# Taxes - claiming your small farm as a business?



## Harbisgirl (Feb 2, 2015)

At this point I'm not sure if I should call it a 'business' or not. Currently we have a small hobby farm for our own food - egg layer chickens, dairy goats, and a vegetable garden. We've had the garden and chickens for a few years now and added the dairy goats in May of 2014. I was happy just to include them as part of our hobby and wasn't really interested in complicating things. Unfortunately, in October I was a victim of mass layoffs due to corporate downsizing. Soo...I'm rethinking things. Last month (Jan 2015) we started a small orchard and will be adding meat chickens and honey bees in the spring. Depending on finances, we'll add pigs this later this year or early next year. I do have plans of expanding our little farm regardless - but expanding for ourselves or enough for income is the question here. Unfortunately since I didn't plan on claiming the goats on my taxes, I was not diligent about saving receipts for the costs of all the new fencing, housing, supplies, milking equipment, etc.

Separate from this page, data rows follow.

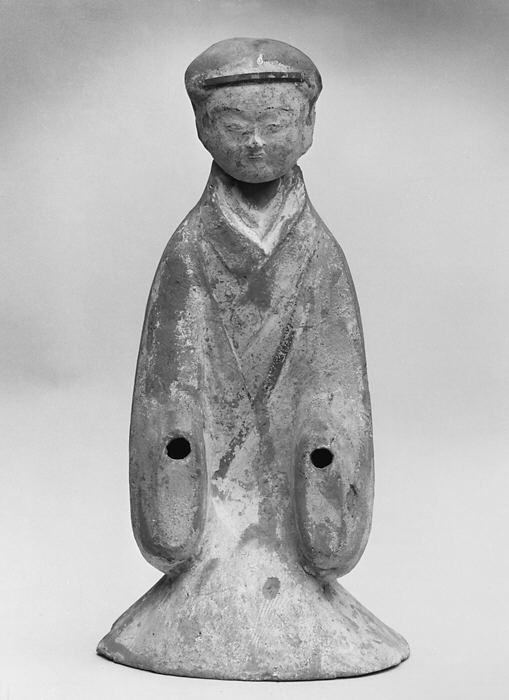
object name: figure
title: Figure with Removable Head
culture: chinese
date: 206 BCE-220 CE
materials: pottery
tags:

If I had intended to claim this as a business I would have set up a whole separate account for easier tracking.. Also, how would that impact my unemployment benefits? There is no way we could survive without my EDD checks right now so that would be sort of a deal breaker. So I guess my questions are: At what point is it worth it to call this a business? What does upgrading to an official business entail? What are the pros and cons? I realize those are big questions and I'm sure the answers depend on alot of variables - but I need to start somewhere  Any help would be greatly appreciated.


----------



## Hens and Roos (Feb 2, 2015)

maybe start by looking at the USDA website and maybe your state website for information.  Hopefully others will have more suggestions for you!


----------



## Bossroo (Feb 2, 2015)

I would hire a CPA  that SPECIALIZES in farming as you would be able to file a form with the IRS to amend your last years tax return just be sure that you have backup information with your checking account and your credit cards as proof of payment for those items that you can't find receipts for and you will have to show paper trail  proof of payment for them.  At this point, getting into hogs may not be in your best interest ( pigs do a lot of damage to the land and facilities ) as if you should establish your farm as a business, you will have to show a profit in 3 out of 5 years. So it would be more to your benefit to go with what you already have and expand on them so that it would be more profitable in the long run. Or shut those efforts down and establish a new line of farming.    Expanding in a helter skelter method is not the best way to operate profitably especially in the begining.  Choose what you want to specialize in so that you can make a profit sooner and continue profitably  into the future.


----------



## Harbisgirl (Feb 2, 2015)

I'm definitely getting into pigs one way or another. I'm not getting a large commercial breed, I'll be getting the smaller American Guinea Hogs that are much easier on land. I'm very familiar with them so I'm comfortable adding them. Plus,  I like diversity


----------